Cabin to house visitor center |

Cabin to house visitor center

Project is part of big plans for 2007 for Historical Society of Oak Creek and Phippsburg

Alexis DeLaCruz

The Historical Society of Oak Creek and Phippsburg has acquired this home and will move it next to Bucket Park to be used as a visitor center.

— Renee Johnson predicts 2007 will be a busy year for the Historical Society of Oak Creek and Phippsburg.

In addition to completing the society’s museum in the old Oak Creek Town Hall at the top of Main Street, the society is also beginning the process of moving a historic Oak Creek log cabin from its current location behind the Rio Oso Nursery across Main Street to its new home next to Bucket Park.

The big move has been years in the making, said Johnson, the president of the Historical Society of Oak Creek and Phippsburg.

“The plan has always been to make that cabin a visitor center,” she said. “If it all comes together, we hope to have the cabin moved this summer.”

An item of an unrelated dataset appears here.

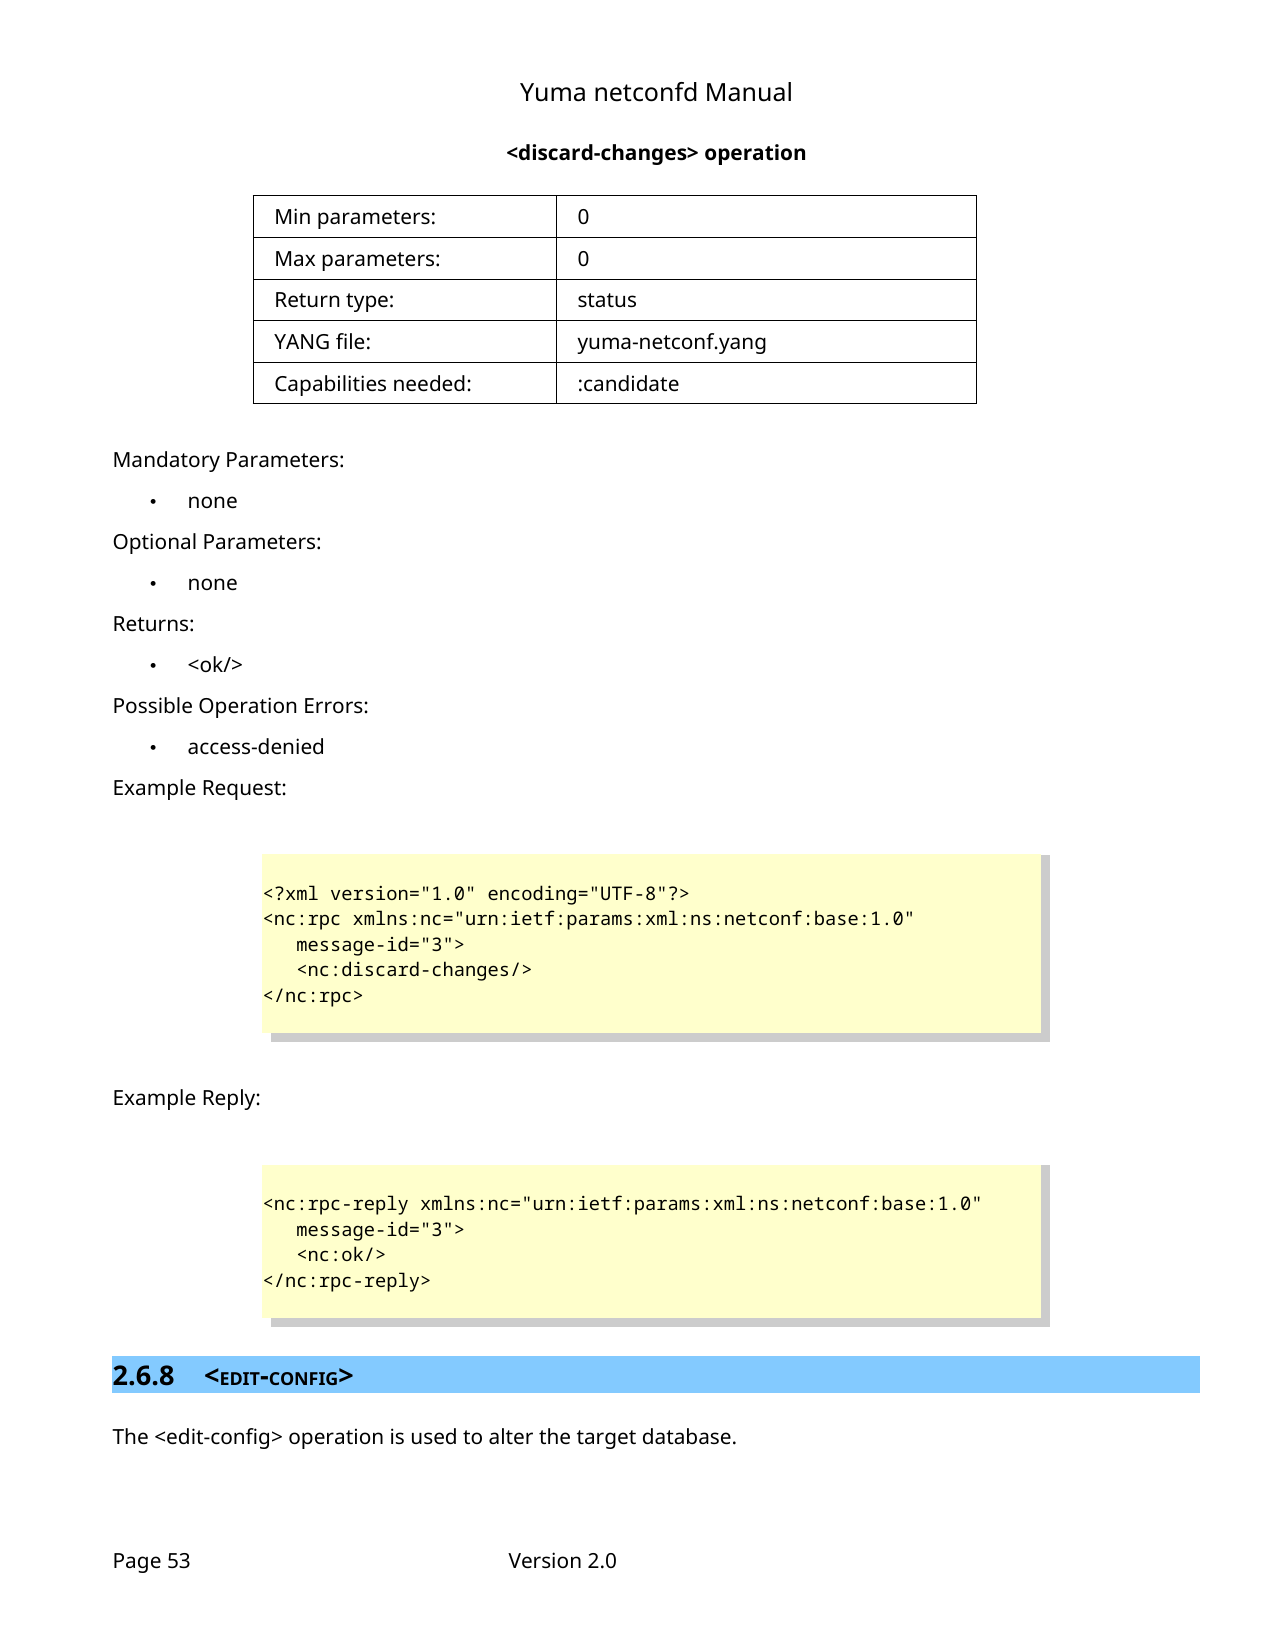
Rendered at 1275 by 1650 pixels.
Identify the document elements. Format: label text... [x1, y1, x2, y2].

The South Routt Economic Development Council has gotten involved in the project to lift some of the burden on the society, which has been busy renovating the old Town Hall to house the museum.

Karen Tussey, who represents Oak Creek on the council, said she has learned a lot about what it takes to move a building to a new site.

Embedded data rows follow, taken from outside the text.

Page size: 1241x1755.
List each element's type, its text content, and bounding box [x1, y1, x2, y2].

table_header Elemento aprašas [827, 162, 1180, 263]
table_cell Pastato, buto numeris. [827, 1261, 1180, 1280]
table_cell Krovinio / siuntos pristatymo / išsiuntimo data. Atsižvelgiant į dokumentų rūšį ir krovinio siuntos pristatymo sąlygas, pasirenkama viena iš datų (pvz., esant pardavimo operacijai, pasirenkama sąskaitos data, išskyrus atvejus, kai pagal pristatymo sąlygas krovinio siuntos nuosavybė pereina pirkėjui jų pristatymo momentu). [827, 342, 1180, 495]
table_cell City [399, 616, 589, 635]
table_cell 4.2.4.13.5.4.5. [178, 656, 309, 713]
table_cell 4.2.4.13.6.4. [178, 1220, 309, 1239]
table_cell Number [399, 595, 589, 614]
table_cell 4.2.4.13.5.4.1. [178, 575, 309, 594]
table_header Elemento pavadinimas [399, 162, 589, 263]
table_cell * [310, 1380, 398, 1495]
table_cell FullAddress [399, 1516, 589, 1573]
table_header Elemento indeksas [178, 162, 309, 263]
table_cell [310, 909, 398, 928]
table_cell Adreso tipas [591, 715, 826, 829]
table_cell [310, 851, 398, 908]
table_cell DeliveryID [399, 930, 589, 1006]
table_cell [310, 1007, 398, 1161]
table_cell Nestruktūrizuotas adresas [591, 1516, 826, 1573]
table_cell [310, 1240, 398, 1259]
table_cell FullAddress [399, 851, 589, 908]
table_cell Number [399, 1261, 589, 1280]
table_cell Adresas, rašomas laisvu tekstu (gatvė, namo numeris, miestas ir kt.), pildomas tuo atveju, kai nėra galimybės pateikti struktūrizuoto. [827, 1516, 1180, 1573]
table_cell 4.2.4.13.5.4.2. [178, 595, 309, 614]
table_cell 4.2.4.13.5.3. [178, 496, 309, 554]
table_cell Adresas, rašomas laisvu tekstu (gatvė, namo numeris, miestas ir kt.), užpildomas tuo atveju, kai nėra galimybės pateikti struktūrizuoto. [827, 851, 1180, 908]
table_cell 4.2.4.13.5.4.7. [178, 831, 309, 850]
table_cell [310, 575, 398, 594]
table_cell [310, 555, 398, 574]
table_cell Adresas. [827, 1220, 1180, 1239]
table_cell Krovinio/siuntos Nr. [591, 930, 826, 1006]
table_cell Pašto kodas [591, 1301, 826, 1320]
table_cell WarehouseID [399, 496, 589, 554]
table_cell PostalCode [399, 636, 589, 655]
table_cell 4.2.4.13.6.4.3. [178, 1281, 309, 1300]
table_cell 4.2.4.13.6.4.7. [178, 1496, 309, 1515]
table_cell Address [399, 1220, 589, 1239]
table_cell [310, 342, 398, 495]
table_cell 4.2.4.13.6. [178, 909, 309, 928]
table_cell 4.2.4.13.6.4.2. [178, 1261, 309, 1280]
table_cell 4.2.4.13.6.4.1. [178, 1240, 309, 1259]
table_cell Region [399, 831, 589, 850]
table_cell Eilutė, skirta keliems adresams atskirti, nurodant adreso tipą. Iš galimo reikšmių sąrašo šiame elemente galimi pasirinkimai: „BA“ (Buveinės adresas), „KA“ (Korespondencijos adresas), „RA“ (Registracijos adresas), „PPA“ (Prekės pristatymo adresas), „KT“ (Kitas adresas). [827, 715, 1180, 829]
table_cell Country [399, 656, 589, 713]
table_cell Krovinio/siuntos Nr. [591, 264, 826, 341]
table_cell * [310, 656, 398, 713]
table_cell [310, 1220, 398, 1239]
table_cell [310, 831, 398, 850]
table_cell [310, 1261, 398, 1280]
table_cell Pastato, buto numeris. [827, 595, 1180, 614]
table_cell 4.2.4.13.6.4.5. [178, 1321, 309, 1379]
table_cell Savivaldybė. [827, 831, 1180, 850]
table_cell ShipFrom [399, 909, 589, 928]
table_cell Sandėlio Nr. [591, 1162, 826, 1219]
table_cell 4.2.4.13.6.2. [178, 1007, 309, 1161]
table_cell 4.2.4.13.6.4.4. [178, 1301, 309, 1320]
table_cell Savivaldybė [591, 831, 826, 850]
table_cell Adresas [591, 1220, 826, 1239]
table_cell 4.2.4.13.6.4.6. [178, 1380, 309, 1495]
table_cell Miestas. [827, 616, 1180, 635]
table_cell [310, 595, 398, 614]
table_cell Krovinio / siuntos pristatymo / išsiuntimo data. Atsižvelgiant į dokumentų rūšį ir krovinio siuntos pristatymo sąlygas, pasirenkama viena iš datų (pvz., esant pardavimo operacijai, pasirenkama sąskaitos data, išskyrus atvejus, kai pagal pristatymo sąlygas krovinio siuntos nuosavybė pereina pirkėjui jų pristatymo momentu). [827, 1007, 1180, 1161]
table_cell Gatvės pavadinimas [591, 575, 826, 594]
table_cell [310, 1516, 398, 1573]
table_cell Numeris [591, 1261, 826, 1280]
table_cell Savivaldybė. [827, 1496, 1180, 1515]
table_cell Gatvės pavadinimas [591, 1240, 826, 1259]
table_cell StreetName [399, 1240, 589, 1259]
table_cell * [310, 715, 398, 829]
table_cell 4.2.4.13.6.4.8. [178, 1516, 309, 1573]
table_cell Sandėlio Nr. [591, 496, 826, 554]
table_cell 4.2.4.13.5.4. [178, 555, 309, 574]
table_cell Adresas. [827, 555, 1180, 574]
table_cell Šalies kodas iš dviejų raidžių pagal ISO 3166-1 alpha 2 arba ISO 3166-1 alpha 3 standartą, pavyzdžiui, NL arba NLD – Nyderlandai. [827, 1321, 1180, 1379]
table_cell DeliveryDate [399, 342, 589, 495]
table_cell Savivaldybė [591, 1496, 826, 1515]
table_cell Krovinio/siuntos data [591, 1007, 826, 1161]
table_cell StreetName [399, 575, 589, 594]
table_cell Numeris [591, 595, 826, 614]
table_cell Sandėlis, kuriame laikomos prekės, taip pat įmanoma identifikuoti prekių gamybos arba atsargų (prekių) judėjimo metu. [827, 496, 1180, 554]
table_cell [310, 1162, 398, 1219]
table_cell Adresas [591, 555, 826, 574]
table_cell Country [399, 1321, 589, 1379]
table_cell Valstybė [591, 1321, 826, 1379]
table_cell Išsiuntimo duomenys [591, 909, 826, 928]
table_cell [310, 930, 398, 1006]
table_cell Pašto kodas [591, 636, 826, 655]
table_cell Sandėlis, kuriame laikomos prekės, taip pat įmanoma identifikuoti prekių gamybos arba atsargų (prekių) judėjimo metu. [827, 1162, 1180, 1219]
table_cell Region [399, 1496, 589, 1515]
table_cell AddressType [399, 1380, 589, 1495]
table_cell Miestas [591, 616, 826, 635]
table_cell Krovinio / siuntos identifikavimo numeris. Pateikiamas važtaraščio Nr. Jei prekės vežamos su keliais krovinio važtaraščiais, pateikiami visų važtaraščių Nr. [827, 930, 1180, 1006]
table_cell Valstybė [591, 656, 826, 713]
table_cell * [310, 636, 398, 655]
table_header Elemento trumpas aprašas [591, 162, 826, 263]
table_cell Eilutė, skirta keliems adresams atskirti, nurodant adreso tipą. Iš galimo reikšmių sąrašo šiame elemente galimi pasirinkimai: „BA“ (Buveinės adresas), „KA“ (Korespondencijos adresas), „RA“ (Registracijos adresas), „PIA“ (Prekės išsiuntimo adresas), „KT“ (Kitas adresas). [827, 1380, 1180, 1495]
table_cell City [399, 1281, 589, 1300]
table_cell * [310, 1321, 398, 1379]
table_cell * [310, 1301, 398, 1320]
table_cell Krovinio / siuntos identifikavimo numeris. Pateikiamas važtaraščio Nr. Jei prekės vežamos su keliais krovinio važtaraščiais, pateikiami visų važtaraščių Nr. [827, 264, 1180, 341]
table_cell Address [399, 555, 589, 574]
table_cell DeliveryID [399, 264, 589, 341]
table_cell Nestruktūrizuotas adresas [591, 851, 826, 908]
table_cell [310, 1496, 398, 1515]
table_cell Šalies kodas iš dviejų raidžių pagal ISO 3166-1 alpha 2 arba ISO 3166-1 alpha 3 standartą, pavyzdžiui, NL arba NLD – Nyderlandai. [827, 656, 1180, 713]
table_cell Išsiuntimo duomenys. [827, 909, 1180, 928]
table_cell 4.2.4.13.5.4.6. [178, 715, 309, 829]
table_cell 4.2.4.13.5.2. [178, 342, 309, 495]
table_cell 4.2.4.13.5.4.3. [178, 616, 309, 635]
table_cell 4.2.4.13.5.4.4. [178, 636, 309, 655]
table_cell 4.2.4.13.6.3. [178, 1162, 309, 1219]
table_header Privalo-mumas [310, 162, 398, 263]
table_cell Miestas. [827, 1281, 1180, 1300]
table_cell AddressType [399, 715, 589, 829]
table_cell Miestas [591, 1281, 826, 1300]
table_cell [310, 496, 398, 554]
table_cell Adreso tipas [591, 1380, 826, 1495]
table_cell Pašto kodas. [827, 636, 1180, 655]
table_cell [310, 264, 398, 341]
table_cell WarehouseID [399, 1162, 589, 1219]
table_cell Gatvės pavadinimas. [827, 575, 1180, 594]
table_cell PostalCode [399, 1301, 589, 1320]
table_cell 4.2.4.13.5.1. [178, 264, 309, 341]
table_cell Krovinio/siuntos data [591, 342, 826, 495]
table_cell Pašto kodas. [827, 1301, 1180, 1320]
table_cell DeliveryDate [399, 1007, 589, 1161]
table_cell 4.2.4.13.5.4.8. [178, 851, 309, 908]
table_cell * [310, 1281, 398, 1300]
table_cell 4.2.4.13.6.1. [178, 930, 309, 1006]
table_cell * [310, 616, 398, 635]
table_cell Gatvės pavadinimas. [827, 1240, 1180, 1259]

Recommended Stories For You

“There is still much to be discussed, but I’m sure we’re going to make this thing work,” she said.

The Historical Society of Oak Creek and Phippsburg, the town of Oak Creek and the South Routt Economic Development Council will continue to discuss the logistics of moving the building and how to secure funds to complete the project.

California resident Ken Rossi donated the log cabin to the historical society in 2004. Rossi’s mother, Betty Burns, lived in the cabin since she was a teenager.

The 20-by-30-foot cabin was built in 1920 and has one bedroom, a living room, one bathroom and a kitchen.

Burns’ father purchased the cabin after being discharged from the U.S. Navy after World War II.

Preserving the cabin was an accomplishment because many of Oak Creek’s historic buildings weren’t preserved, Johnson said.

“We’re missing quite a few of our historic buildings,” she said. “We wanted to preserve this one.”

Burns, who no longer lives in the cabin, was surprised to learn the society was interested in her home.

“It was a shock when they first asked me about it, but I can see why they wanted to preserve it,” she said.

Johnson said once a foundation and water and sewer lines are laid, the building should be ready to go. The visitor center could feature room for office space, and regional information featuring different areas of South Routt County.

The museum is scheduled for completion in February.

“We’ll emphasize the area’s rich mining history as well as the ranching and railroad industries that have made South Routt what it is,” she said. “That’s what this community is all about.”

In addition to the museum and visitor center projects, the historical society is hosting a “Kick off Oak Creek’s Centennial” party from 1 to 4 p.m. Jan. 6 at Oak Creek Town Hall.

The special menu includes black-eyed peas, rice and cornbread.

“The old timers believe eating these foods will bring you luck,” she said.

All South Routt residents are invited to attend the first event recognizing Oak Creek’s 100th birthday and those who sign the town guestbook will receive a special commemorative centennial coin.

The gathering also will feature a display of historic buildings created by former South Routt Middle School students.

“We have something going on all the time,” she said. “There will be no boredom in 2007.”